§ **ACTIVITY**: Your answer is the lines below, exactly, from the one that contains "The horizontal FOV is 49.1°." through the one that contains "I have a small", both included.

§ **EXCERPTED RECORDS**:
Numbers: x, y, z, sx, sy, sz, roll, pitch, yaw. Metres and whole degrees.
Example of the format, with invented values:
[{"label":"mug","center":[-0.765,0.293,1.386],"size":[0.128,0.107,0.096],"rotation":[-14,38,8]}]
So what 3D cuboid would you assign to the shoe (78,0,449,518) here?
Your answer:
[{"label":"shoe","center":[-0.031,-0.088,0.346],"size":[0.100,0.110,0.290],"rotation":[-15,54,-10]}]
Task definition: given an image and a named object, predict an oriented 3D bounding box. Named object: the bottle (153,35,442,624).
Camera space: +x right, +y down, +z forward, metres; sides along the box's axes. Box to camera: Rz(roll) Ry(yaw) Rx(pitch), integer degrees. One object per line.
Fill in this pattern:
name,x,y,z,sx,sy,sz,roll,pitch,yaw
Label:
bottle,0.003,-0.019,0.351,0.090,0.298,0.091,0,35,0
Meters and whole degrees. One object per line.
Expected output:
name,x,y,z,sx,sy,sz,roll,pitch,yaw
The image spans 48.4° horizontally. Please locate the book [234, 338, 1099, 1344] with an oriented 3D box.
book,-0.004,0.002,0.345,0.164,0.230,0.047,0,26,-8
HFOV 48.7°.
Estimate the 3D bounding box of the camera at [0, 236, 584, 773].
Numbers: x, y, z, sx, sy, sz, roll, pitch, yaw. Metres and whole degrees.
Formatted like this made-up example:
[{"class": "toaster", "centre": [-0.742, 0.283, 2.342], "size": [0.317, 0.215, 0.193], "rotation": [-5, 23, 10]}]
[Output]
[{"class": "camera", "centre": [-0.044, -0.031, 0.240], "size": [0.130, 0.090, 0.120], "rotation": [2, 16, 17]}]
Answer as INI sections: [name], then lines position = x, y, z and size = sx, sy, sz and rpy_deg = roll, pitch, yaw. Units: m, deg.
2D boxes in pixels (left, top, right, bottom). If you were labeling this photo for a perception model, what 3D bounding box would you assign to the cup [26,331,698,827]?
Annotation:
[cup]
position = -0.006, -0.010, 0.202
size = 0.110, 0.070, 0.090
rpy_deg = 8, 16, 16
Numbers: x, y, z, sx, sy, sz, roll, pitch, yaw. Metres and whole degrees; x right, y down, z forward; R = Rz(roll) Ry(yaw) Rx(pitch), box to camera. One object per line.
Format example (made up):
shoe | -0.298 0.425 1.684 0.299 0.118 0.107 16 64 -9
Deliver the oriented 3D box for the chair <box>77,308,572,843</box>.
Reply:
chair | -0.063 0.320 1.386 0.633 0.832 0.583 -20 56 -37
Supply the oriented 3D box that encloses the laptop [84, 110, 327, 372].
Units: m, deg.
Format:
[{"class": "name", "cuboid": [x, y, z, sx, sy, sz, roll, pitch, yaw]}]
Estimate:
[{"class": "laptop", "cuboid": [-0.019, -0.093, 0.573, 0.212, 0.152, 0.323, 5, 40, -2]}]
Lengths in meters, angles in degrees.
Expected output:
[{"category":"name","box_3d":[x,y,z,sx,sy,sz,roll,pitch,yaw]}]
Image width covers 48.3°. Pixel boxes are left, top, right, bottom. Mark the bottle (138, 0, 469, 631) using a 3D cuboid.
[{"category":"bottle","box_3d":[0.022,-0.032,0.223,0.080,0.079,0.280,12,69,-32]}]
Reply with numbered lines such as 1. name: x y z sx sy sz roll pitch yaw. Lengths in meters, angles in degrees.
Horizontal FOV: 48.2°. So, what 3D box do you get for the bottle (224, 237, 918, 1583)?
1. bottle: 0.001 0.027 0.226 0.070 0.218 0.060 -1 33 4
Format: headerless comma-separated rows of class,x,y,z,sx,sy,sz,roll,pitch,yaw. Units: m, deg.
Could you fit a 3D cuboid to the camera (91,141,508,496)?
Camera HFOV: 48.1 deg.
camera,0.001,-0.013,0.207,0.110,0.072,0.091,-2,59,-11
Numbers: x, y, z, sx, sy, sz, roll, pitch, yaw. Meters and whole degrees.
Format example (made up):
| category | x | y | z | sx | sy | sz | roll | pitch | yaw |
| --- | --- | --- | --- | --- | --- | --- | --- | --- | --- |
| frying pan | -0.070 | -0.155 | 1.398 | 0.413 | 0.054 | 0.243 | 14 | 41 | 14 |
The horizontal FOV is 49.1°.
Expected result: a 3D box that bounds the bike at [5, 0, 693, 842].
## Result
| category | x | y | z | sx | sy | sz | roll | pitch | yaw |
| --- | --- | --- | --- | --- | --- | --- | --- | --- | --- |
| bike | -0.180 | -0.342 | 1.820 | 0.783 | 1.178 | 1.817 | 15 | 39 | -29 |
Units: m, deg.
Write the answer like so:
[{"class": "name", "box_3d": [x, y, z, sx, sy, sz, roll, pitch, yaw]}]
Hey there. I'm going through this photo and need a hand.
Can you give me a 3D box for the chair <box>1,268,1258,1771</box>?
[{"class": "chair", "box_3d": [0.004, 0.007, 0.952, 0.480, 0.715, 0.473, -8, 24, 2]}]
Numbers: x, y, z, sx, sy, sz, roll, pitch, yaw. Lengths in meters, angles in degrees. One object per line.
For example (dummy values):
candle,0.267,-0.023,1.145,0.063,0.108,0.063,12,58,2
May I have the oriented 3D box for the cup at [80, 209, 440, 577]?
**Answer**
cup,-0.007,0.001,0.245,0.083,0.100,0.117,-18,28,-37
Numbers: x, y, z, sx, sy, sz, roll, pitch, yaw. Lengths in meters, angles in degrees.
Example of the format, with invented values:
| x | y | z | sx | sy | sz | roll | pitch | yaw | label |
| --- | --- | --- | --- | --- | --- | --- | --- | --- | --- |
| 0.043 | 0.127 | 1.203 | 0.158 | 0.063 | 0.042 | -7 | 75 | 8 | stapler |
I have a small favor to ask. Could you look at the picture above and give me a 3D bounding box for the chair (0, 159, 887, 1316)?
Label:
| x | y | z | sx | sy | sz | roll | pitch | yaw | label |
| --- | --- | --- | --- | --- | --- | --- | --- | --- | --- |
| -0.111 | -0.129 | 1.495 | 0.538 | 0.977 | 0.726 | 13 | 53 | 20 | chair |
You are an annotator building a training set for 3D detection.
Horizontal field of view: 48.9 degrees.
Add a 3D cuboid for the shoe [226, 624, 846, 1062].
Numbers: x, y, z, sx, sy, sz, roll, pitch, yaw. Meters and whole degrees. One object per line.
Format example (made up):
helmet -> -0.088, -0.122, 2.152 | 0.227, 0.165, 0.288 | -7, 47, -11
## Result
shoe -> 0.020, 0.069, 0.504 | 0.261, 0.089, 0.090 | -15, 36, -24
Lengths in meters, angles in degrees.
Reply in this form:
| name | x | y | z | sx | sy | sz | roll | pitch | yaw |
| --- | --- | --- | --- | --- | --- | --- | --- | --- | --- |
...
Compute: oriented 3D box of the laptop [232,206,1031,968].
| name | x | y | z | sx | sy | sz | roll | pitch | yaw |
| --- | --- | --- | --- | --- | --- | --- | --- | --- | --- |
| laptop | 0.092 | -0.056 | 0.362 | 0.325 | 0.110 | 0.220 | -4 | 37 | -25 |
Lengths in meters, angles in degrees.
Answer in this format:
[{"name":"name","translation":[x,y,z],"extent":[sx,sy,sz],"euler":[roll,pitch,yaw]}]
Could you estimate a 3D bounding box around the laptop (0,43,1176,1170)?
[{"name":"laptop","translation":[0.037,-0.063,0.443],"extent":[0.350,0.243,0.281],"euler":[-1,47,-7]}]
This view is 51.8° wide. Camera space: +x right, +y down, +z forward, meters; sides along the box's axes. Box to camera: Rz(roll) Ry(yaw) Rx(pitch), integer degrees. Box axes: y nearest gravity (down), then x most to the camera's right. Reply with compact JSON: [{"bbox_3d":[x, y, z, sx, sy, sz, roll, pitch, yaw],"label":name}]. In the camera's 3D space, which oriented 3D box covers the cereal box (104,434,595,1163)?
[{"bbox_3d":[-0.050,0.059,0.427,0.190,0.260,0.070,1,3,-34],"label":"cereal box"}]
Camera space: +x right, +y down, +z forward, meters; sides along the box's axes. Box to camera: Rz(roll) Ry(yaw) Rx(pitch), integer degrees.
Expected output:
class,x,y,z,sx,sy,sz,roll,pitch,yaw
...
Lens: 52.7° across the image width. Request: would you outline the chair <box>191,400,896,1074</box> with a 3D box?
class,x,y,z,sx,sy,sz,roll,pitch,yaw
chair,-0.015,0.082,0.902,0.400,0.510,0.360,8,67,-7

§ **RESULT FOR THIS EXERCISE**:
The horizontal FOV is 49.1°.
Expected result: a 3D box that bounds the bike at [5, 0, 693, 842].
## Result
| category | x | y | z | sx | sy | sz | roll | pitch | yaw |
| --- | --- | --- | --- | --- | --- | --- | --- | --- | --- |
| bike | -0.180 | -0.342 | 1.820 | 0.783 | 1.178 | 1.817 | 15 | 39 | -29 |
Units: m, deg.
Write the answer like so:
[{"class": "name", "box_3d": [x, y, z, sx, sy, sz, roll, pitch, yaw]}]
Hey there. I'm going through this photo and need a hand.
Can you give me a 3D box for the chair <box>1,268,1258,1771</box>?
[{"class": "chair", "box_3d": [0.004, 0.007, 0.952, 0.480, 0.715, 0.473, -8, 24, 2]}]
Numbers: x, y, z, sx, sy, sz, roll, pitch, yaw. Lengths in meters, angles in degrees. One object per line.
For example (dummy values):
candle,0.267,-0.023,1.145,0.063,0.108,0.063,12,58,2
May I have the oriented 3D box for the cup at [80, 209, 440, 577]?
**Answer**
cup,-0.007,0.001,0.245,0.083,0.100,0.117,-18,28,-37
Numbers: x, y, z, sx, sy, sz, roll, pitch, yaw. Lengths in meters, angles in degrees.
Example of the format, with invented values:
| x | y | z | sx | sy | sz | roll | pitch | yaw | label |
| --- | --- | --- | --- | --- | --- | --- | --- | --- | --- |
| 0.043 | 0.127 | 1.203 | 0.158 | 0.063 | 0.042 | -7 | 75 | 8 | stapler |
I have a small favor to ask. Could you look at the picture above and give me a 3D bounding box for the chair (0, 159, 887, 1316)?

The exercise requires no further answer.